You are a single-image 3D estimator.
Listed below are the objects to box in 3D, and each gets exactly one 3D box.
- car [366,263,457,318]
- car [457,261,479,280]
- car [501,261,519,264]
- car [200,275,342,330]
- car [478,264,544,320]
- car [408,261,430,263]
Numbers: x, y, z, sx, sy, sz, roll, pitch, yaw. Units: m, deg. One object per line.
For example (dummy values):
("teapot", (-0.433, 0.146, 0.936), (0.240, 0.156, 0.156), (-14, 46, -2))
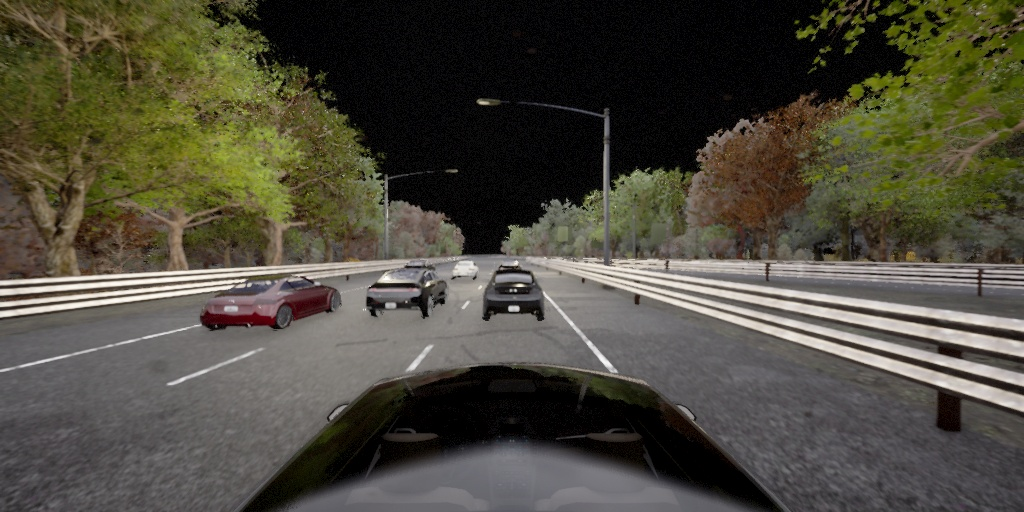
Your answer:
("car", (-3.467, 1.178, 12.619), (2.128, 1.511, 4.902), (0, 0, 0))
("car", (-3.693, 1.127, 29.101), (1.812, 1.442, 4.674), (0, 0, -1))
("car", (-0.175, 1.096, 28.096), (2.128, 1.511, 4.902), (0, 0, -1))
("car", (-6.956, 1.262, 10.869), (1.994, 1.385, 4.181), (0, 0, 0))
("car", (0.036, 1.192, 12.324), (1.837, 1.490, 4.892), (0, 0, 0))
("car", (-7.176, 1.099, 28.065), (2.128, 1.511, 4.902), (0, 0, -1))
· · · · ·
- Instructions to follow: Exclude all pictures and reproduce exactly the lines from the one containing "- car [200,275,342,330]" through the final line of the entries above.

- Solution to the exercise:
- car [200,275,342,330]
- car [478,264,544,320]
- car [408,261,430,263]
Numbers: x, y, z, sx, sy, sz, roll, pitch, yaw. Units: m, deg. One object per line.
For example (dummy values):
("teapot", (-0.433, 0.146, 0.936), (0.240, 0.156, 0.156), (-14, 46, -2))
Your answer:
("car", (-3.467, 1.178, 12.619), (2.128, 1.511, 4.902), (0, 0, 0))
("car", (-3.693, 1.127, 29.101), (1.812, 1.442, 4.674), (0, 0, -1))
("car", (-0.175, 1.096, 28.096), (2.128, 1.511, 4.902), (0, 0, -1))
("car", (-6.956, 1.262, 10.869), (1.994, 1.385, 4.181), (0, 0, 0))
("car", (0.036, 1.192, 12.324), (1.837, 1.490, 4.892), (0, 0, 0))
("car", (-7.176, 1.099, 28.065), (2.128, 1.511, 4.902), (0, 0, -1))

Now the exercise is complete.